Odd Squares

By Sebastiaan

No, this is not a post about strange squares. It's all about odd squares though.

Warning! Non-mathematicians may find this post unreadable.

Let me list the first few:

1² = 1
3² = 9
5² = 25
7² = 49
9² = 81

At first glance, there does not seem to be a pattern. I got this puzzle from my school, where I study to be a mathematics teacher. It stated:

"The squares of all positive odd integers are eightfolds plus one."

First thing to do was translate this into proper mathematics language.

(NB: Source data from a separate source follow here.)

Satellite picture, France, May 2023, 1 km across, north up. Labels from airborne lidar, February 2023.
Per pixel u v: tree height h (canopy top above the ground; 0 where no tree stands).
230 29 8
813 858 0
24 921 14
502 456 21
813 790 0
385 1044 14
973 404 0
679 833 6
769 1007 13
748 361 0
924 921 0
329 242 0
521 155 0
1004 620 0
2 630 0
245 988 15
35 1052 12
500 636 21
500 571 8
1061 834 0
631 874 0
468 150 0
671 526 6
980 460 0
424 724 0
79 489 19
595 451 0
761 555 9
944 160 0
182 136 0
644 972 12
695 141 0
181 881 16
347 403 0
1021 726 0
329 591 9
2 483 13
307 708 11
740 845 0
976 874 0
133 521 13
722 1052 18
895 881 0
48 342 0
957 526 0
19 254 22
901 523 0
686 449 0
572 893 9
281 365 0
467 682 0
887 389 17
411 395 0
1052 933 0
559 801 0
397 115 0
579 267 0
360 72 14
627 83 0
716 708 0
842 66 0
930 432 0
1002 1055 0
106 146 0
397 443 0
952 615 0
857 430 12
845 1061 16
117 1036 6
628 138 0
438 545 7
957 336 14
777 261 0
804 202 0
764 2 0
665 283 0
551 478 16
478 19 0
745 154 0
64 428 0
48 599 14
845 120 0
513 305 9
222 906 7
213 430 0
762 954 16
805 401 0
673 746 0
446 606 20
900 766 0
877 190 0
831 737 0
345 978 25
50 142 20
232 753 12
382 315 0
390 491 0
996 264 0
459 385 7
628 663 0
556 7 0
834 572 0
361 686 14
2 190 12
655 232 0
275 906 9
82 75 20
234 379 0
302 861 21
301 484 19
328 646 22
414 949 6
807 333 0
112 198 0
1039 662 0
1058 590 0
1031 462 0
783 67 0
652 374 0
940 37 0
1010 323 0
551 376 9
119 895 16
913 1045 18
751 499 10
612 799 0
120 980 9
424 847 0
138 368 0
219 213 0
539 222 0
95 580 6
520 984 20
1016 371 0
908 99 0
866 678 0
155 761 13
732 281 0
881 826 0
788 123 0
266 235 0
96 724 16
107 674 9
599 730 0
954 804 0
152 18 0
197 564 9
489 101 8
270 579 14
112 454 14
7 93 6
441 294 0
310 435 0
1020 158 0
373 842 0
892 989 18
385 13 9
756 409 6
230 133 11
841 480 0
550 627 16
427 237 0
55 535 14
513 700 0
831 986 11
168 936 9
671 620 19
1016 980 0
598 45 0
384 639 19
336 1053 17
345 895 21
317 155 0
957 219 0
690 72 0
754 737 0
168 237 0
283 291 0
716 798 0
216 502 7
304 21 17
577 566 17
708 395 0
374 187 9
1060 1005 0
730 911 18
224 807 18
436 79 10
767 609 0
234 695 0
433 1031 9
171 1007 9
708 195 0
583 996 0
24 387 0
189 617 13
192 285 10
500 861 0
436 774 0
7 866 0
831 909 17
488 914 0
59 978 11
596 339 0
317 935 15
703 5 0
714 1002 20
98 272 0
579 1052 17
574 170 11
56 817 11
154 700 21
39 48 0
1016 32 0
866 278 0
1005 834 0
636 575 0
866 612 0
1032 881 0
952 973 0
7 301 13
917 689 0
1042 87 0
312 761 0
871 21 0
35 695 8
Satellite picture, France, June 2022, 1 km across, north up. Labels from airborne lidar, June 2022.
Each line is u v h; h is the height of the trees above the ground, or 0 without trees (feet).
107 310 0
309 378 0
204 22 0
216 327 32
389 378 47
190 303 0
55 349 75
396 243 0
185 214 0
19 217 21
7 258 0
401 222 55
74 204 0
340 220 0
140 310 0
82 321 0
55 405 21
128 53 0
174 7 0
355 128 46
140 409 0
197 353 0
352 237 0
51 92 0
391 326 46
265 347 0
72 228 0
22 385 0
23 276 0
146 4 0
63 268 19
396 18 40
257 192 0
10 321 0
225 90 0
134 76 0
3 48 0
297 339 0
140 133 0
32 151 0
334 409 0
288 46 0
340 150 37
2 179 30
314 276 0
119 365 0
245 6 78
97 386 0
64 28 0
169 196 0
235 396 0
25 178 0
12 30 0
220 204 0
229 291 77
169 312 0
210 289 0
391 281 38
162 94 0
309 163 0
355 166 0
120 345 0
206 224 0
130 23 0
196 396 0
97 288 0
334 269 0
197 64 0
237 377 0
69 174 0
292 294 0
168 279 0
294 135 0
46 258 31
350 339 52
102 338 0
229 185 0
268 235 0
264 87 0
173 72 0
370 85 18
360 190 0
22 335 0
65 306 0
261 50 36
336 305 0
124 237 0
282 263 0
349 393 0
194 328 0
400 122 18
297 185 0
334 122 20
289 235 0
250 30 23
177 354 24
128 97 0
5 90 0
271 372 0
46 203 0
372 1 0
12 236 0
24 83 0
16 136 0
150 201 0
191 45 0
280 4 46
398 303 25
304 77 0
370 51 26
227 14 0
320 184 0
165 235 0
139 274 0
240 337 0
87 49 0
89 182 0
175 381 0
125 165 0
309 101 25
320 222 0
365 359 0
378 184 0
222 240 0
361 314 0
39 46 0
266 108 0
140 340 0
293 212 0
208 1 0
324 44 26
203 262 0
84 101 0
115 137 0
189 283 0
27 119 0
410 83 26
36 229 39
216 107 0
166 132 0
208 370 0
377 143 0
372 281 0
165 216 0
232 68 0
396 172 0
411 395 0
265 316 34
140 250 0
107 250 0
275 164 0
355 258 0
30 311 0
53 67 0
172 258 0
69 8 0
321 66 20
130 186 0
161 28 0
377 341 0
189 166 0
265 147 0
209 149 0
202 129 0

So, odd, would mean the integer can be written as "2k+1" with k any positive integer. Thus we get:

(2k+1)²

Also, an eightfold, is "8n" with n any positive integer. Thus we get:

(2k+1)² = 8n + 1

Now let's work out the brackets...

4k² + 4k + 1 = 8n + 1
4k² + 4k = 8n
for all positive integers k and n.

So now we have a relatively simple statement to proof. First thing that springs to mind is induction, but if you look just a little bit further... you'll find a much simpler and more elegant proof.

So, let's first start by dividing by four.

k² + k= 2n

What's left to proof is that the sum of an integer and its square is even. There are multiple approaches to solving this, I'll give you two.

Say, k is even. Then k² is most certainly even, for (2p)² is 4p² which is a multiple of four and thus even. When you add another even integer, it will always remain even.
Say, k is odd. Then k² is odd, for (2p+1)² is 4p² + 4p + 1, which are two even integers plus one, making it odd. Now add the same odd integer k, you will get an even integer, for two odds make an even.

So, for any positive integer k, we get an even integer. Thus every odd square is an eightfold plus one.
Q.E.D.

Another approach could be rewriting the left-hand of the equation, that would make k(k+1) = 2n. Now, an integer multiplied by the next integer, would always be 'odd' times 'even' or 'even' times 'odd'. This always makes even.
Q.E.D.